Una comparativa entre el relato fáctico judicial y el relato fáctico alternativo tomando en consideración además el sustento documental de la pretensión de revisión fáctica, así como lo que de ella se pretende deducir, permite identificar que se cuestionan tres elementos fácticos esenciales a los efectos de determinar las consecuencias legales de la declaración de improcedencia del despido: la antigüedad de la trabajadora, su categoría profesional y el salario regulador. Y, en el fondo de esas tres cuestiones, esta la discusión sobre la existencia -que defiende la recurrente- o inexistencia -que niegan los codemandados interesados- de una sucesión de empresa entre el contrato de trabajo suscrito a 1 de junio de 1991 por Don Obdulio y el suscrito a 9 de febrero de 2012 por Doña Natividad . Comoquiera que las posteriores sucesiones están reconocidas por los codemandados, y consiguientemente recogidas en el relato fáctico judicial, es en efecto esa supuesta sucesión inicial la que, de existir, justificaría la antigüedad pretendida, sirviendo de base para argumentar una categoría profesional superior, y, ya finalmente, el incremento de la cuantía del salario regulador.

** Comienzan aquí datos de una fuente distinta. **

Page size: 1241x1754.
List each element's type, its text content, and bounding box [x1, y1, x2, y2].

Para poder apreciar la sucesión de empresas entre Don Obdulio y Doña Natividad , sería necesario acreditar la identidad de los trabajos prestados, y, según los documentos obrantes en actuaciones en general y el informe de vida laboral en particular, el primero fue como empleada de hogar, y el segundo como trabajadora cuenta ajena en panadería. No hay, en consecuencia, documento alguno del cual se pueda deducir que ello fue así, antes al contrario, los documentos apuntan hacia otra realidad -incluyendo el informe de vida laboral invocado como sustento de la revisión-.

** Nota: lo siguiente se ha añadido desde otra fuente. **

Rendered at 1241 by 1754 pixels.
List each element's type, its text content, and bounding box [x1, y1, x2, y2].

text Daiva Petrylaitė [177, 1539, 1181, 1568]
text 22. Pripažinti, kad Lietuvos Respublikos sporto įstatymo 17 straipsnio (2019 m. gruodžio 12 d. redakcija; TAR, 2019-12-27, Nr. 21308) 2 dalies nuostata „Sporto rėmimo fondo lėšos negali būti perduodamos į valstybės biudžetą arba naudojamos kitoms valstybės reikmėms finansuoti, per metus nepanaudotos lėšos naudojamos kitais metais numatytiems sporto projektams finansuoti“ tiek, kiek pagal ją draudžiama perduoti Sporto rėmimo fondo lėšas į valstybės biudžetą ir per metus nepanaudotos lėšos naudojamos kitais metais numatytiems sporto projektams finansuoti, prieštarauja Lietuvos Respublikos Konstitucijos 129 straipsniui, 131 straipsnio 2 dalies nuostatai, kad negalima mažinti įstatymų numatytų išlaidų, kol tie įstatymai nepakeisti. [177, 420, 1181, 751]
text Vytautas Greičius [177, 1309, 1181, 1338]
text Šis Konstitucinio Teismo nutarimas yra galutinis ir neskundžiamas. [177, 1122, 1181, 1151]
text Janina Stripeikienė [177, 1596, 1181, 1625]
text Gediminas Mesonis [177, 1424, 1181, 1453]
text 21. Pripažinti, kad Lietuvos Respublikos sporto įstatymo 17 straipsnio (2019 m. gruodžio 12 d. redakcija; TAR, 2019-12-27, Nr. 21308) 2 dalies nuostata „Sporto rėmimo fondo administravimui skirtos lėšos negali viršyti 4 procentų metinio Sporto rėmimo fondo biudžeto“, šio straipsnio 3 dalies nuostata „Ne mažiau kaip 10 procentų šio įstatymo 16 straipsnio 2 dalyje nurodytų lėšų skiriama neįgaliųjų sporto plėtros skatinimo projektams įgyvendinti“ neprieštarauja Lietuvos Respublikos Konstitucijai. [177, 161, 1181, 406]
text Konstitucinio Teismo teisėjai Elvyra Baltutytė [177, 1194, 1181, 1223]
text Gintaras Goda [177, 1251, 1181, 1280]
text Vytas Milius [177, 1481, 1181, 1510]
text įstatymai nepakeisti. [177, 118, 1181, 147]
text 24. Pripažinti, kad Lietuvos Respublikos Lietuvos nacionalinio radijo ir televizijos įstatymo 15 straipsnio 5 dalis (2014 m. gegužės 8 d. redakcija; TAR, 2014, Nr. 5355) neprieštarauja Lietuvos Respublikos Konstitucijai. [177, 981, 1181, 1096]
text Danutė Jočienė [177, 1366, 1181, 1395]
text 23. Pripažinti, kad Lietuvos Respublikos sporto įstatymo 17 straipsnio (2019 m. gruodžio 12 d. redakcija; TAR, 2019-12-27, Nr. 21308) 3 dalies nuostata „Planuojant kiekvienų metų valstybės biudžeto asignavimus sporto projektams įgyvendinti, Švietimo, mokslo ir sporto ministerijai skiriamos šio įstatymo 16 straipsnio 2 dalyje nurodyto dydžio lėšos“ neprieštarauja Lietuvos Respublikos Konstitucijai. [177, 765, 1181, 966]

De hecho, la trabajadora recurrente en la argumentación de la revisión fáctica solicitada necesita acudir a lo que ella misma denomina acreditaciones circunstanciales: que el primer empleador era el titular de un local dedicado a panadería, que no tenía otro personal, y que, salvo ese periodo en que cotizó como empleada de hogar, la trabajadora siempre prestó servicios como trabajadora por cuenta ajena; que la segunda empleadora era la esposa del anterior; que ninguno de los dos acudió a juicio a defender sus intereses; que el tercer empleador era una sociedad cuyo único administrador social era hijo de los dos anteriores; que no hubo solución de continuidad entre ninguna de las sucesivas contrataciones, e incluso entre la primera y la segunda existe una breve superposición temporal atendiendo a los periodos de alta en seguros sociales; y, en fin, que todas estas contrataciones posteriores a la primera fueron para la prestación de servicios en la panadería titularidad del primer empleador.

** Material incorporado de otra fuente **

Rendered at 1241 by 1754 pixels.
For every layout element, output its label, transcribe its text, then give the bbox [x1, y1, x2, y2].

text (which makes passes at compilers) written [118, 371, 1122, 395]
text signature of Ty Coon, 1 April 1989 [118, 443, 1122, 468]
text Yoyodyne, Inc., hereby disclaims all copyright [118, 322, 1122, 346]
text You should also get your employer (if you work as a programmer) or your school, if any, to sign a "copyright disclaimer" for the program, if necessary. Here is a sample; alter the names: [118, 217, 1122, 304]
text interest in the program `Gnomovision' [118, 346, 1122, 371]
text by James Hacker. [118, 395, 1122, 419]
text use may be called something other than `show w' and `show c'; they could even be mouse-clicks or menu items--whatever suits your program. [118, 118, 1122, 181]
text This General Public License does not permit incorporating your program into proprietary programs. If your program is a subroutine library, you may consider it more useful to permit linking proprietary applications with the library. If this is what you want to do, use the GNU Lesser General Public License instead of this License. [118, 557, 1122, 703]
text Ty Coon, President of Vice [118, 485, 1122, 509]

Todas estas argumentaciones son totalmente insuficientes para apoyar una revisión fáctica en un recurso de suplicación pues se trata de deducciones o argumentos complejos a partir de ciertos hechos indiciarios -como la titularidad de la panadería del primer empleador, los vínculos familiares con la segunda empleadora que ya contrata para prestar servicios en la panadería, o la ausencia de solución de continuidad entre estas dos primeras relaciones laborales-, que, sin embargo, no permiten deducir con seguridad la existencia de una prestación de servicios por cuenta ajena en la panadería para el primer empleador, y excluir la existencia de servicio doméstico, pues esos mismos hechos indiciarios, que ciertamente se cohonestan con la versión ofrecida por la trabajadora demandante, también se cohonestan con la explicación ofrecida en la impugnación del recurso de suplicación hecha conjuntamente por esos dos primeros empleadores según la cual la trabajadora fue contratada como empleada de hogar mientras era necesario atender a los hijos del matrimonio, dedicándose estos a la panadería, y luego se la contrató para la panadería cuando los hijos crecieron y ya no necesitaban el cuidado de tercera persona. Quede claro, en todo caso, que el hecho de si, durante la primera contratación laboral, la prestación de servicios fue de servicio doméstico o si se trataba de servicios en la panadería por cuenta ajena es algo que la juzgadora de instancia no ha llegado a declarar como probado ni en uno ni en otro sentido, y que tampoco la Sala ha considerado como probado ni en uno ni en otro sentido. Únicamente se quiere destacar que es perfectamente razonable restringir la posibilidad de revisión fáctica por deducciones o argumentaciones complejas.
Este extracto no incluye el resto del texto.